Mohammed Ben Sulayem has moved to frame Monday’s key meeting on possible tweaks to Formula 1’s 2026 regulations as a show of unity across the paddock, with the FIA president stressing “constructive and collaborative work” after what he described as issues emerging in the opening rounds of the season.
In a statement released following the talks, Ben Sulayem thanked the FIA’s own staff, teams, drivers and power unit manufacturers for acting quickly in what he called a short turnaround. The emphasis wasn’t subtle: this wasn’t pitched as a political bunfight or a mid-season scramble, but as the sport collectively doing damage limitation and getting back ahead of the story.
“Safety and sporting fairness remain the FIA’s highest priorities,” Ben Sulayem said, adding that changes had been “introduced to address the issues identified in the opening events and to ensure the continued integrity and quality of the competition.”
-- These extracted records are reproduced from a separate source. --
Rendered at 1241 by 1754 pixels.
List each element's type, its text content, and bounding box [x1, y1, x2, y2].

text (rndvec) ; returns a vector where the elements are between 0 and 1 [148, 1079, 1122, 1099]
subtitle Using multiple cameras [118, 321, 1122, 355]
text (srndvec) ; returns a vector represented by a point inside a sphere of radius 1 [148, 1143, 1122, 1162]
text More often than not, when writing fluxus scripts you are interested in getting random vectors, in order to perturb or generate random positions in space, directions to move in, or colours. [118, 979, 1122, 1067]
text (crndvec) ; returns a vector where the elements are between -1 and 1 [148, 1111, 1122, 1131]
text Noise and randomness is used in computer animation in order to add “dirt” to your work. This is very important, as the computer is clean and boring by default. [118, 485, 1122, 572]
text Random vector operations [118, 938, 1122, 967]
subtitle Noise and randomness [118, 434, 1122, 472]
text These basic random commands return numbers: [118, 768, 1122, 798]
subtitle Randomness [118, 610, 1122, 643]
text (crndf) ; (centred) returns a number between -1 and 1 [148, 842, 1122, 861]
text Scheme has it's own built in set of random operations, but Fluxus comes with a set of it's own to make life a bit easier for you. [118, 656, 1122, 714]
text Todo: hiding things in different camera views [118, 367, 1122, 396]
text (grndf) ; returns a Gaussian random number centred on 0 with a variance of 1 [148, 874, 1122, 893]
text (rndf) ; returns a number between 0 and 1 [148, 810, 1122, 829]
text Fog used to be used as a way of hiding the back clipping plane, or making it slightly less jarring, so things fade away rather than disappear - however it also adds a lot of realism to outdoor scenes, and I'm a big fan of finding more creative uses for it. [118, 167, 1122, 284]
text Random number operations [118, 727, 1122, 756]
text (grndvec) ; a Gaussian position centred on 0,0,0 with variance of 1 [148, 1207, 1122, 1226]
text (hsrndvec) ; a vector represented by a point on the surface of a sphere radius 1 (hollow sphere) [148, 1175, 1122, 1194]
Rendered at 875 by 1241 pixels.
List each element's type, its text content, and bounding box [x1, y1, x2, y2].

That word choice is doing plenty of work. In F1 terms, “integrity” and “quality” are usually the flags raised when the sport feels it’s drifting into uncomfortable territory — whether that’s cars behaving in ways nobody wants, racing outcomes being skewed by an unintended loophole, or something that’s simply not meeting the bar set when the rulebook was signed off. The FIA isn’t spelling out the technical details yet, but it’s clear enough that the first races of this new era have prompted a rethink, and quickly.
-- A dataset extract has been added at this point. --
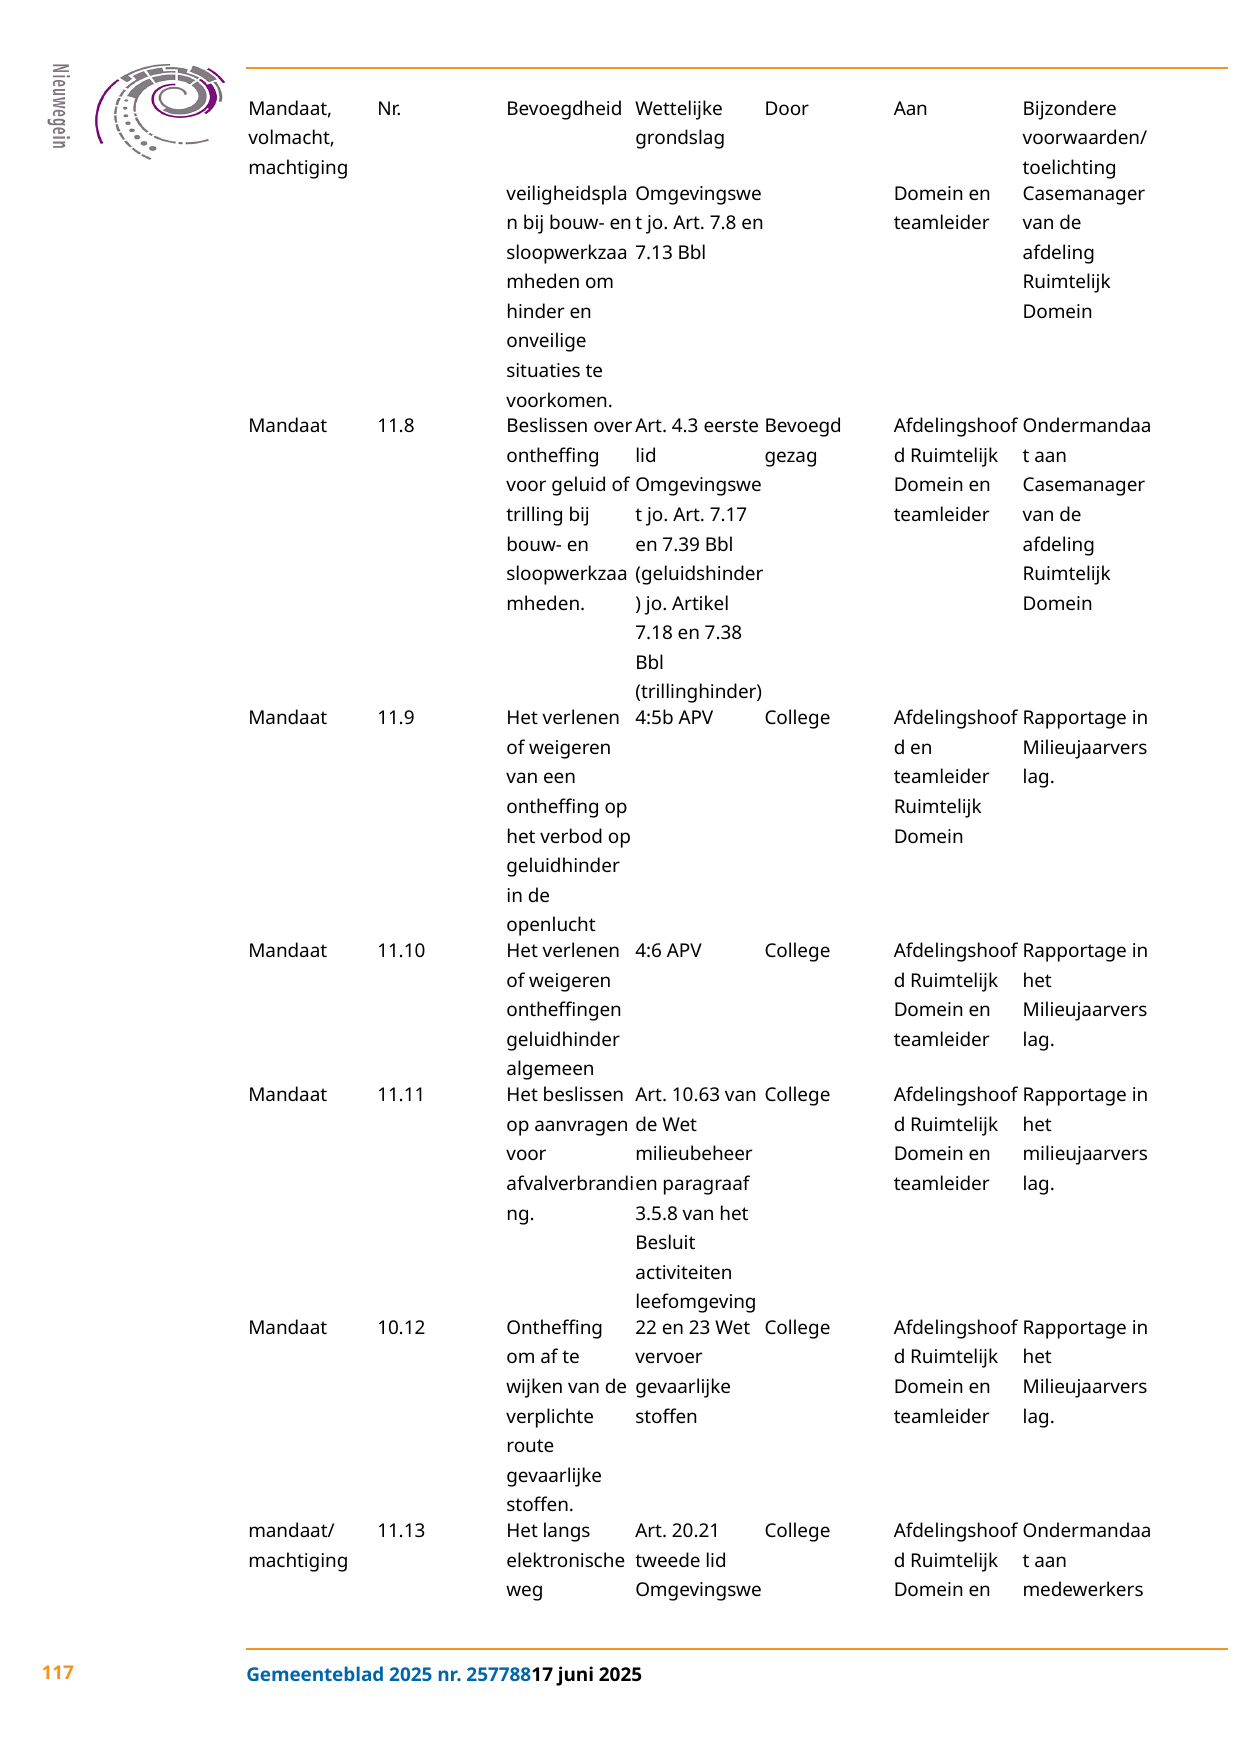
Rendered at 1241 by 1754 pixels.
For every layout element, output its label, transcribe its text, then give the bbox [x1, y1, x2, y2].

Ben Sulayem also nodded to an “unexpected gap in the calendar due to circumstances beyond the sport,” suggesting the timing of these discussions has been shaped as much by opportunity as urgency. Whatever created that window, the FIA has used it to convene a conversation that tends to be difficult at the best of times: altering the framework of a brand-new ruleset once it’s already gone live.
Perhaps the most pointed line in the statement, though, was the insistence that “more than ever, the drivers have been at the heart of these discussions”. That’s not a throwaway. Drivers are often consulted, listened to politely, then sent back to the simulator while the grown-ups haggle. If the FIA is leaning on their involvement publicly, it’s either because their feedback genuinely drove the direction of travel, or because the governing body wants the grid visibly aligned behind whatever comes next.
Either way, it’s an unmistakable attempt to get ahead of the inevitable: in a tight competitive landscape, any in-season regulatory adjustment risks being viewed through the lens of who it helps and who it hurts. Ben Sulayem’s message is essentially an inoculation against that — an assurance that the changes aren’t about engineering a winner, but about restoring balance and confidence in what 2026 is supposed to be.
For now, the FIA is keeping specifics under wraps, and Ben Sulayem’s statement reads like the preamble rather than the full briefing. But the direction is set: modifications are on the table, the early evidence has been compelling enough to force action, and the sport wants to present a united front before the next phase of the season begins.
The FIA says more information will follow.